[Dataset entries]
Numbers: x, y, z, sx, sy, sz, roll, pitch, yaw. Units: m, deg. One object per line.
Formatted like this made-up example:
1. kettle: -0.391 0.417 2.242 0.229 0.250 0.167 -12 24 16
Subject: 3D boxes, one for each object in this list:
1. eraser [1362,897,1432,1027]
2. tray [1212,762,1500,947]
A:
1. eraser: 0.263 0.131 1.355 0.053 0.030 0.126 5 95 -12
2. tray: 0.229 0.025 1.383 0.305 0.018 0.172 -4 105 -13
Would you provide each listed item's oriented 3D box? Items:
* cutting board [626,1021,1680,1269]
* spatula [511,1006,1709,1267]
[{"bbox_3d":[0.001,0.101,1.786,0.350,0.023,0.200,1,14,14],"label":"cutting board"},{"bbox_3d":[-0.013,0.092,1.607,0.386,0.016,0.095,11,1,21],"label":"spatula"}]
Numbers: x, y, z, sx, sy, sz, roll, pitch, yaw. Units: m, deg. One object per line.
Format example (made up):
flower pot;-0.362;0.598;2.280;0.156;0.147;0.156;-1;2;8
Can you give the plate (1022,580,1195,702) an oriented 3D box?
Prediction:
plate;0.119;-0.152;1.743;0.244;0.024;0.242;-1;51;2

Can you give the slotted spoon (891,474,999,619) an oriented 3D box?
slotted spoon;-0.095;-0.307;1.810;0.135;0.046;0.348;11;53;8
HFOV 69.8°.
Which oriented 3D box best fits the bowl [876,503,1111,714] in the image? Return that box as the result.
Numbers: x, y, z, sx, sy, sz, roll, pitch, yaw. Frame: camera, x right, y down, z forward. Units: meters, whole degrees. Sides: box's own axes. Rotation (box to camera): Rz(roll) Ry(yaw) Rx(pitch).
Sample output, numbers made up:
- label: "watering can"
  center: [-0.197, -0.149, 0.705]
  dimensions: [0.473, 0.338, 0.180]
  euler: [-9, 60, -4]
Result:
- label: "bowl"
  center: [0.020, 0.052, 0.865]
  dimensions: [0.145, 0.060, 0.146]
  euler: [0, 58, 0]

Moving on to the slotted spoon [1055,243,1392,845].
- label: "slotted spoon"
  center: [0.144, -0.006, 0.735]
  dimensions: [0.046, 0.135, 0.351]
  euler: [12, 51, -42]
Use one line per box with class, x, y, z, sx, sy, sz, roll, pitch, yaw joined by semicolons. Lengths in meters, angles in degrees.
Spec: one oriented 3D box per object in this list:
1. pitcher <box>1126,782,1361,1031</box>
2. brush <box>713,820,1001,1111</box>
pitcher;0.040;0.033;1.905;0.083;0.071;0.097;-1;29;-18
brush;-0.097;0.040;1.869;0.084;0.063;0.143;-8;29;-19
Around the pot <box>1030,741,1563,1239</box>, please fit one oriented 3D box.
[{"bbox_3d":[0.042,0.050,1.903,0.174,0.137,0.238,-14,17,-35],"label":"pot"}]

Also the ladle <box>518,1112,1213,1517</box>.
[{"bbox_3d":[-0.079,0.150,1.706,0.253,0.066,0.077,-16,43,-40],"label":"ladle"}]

▶ [Activity]: Restate the data above in full, word for word.

▶ [Answer to the problem]:
Numbers: x, y, z, sx, sy, sz, roll, pitch, yaw. Units: m, deg. One object per line.
Formatted like this made-up example:
1. kettle: -0.391 0.417 2.242 0.229 0.250 0.167 -12 24 16
Subject: 3D boxes, one for each object in this list:
1. eraser [1362,897,1432,1027]
2. tray [1212,762,1500,947]
A:
1. eraser: 0.263 0.131 1.355 0.053 0.030 0.126 5 95 -12
2. tray: 0.229 0.025 1.383 0.305 0.018 0.172 -4 105 -13
Would you provide each listed item's oriented 3D box? Items:
* cutting board [626,1021,1680,1269]
* spatula [511,1006,1709,1267]
[{"bbox_3d":[0.001,0.101,1.786,0.350,0.023,0.200,1,14,14],"label":"cutting board"},{"bbox_3d":[-0.013,0.092,1.607,0.386,0.016,0.095,11,1,21],"label":"spatula"}]
Numbers: x, y, z, sx, sy, sz, roll, pitch, yaw. Units: m, deg. One object per line.
Format example (made up):
flower pot;-0.362;0.598;2.280;0.156;0.147;0.156;-1;2;8
Can you give the plate (1022,580,1195,702) an oriented 3D box?
Prediction:
plate;0.119;-0.152;1.743;0.244;0.024;0.242;-1;51;2

Can you give the slotted spoon (891,474,999,619) an oriented 3D box?
slotted spoon;-0.095;-0.307;1.810;0.135;0.046;0.348;11;53;8
HFOV 69.8°.
Which oriented 3D box best fits the bowl [876,503,1111,714] in the image? Return that box as the result.
Numbers: x, y, z, sx, sy, sz, roll, pitch, yaw. Frame: camera, x right, y down, z forward. Units: meters, whole degrees. Sides: box's own axes. Rotation (box to camera): Rz(roll) Ry(yaw) Rx(pitch).
Sample output, numbers made up:
- label: "watering can"
  center: [-0.197, -0.149, 0.705]
  dimensions: [0.473, 0.338, 0.180]
  euler: [-9, 60, -4]
Result:
- label: "bowl"
  center: [0.020, 0.052, 0.865]
  dimensions: [0.145, 0.060, 0.146]
  euler: [0, 58, 0]

Moving on to the slotted spoon [1055,243,1392,845].
- label: "slotted spoon"
  center: [0.144, -0.006, 0.735]
  dimensions: [0.046, 0.135, 0.351]
  euler: [12, 51, -42]
Use one line per box with class, x, y, z, sx, sy, sz, roll, pitch, yaw joined by semicolons. Lengths in meters, angles in degrees.
Spec: one oriented 3D box per object in this list:
1. pitcher <box>1126,782,1361,1031</box>
2. brush <box>713,820,1001,1111</box>
pitcher;0.040;0.033;1.905;0.083;0.071;0.097;-1;29;-18
brush;-0.097;0.040;1.869;0.084;0.063;0.143;-8;29;-19
Around the pot <box>1030,741,1563,1239</box>, please fit one oriented 3D box.
[{"bbox_3d":[0.042,0.050,1.903,0.174,0.137,0.238,-14,17,-35],"label":"pot"}]

Also the ladle <box>518,1112,1213,1517</box>.
[{"bbox_3d":[-0.079,0.150,1.706,0.253,0.066,0.077,-16,43,-40],"label":"ladle"}]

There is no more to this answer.